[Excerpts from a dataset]
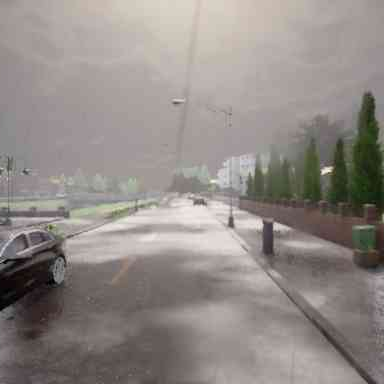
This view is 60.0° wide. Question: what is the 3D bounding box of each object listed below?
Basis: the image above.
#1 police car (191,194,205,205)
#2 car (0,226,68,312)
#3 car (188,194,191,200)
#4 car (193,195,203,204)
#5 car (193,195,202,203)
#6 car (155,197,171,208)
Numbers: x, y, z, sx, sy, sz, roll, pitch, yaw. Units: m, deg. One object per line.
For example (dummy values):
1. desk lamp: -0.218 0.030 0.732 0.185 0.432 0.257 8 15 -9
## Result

[Work instructions]
Report each line of the data that includes the string "object".

[Expected answer]
This view is 60.0° wide. Question: what is the 3D bounding box of each object listed below?
Numbers: x, y, z, sx, sy, sz, roll, pitch, yaw. Units: m, deg. One object per line.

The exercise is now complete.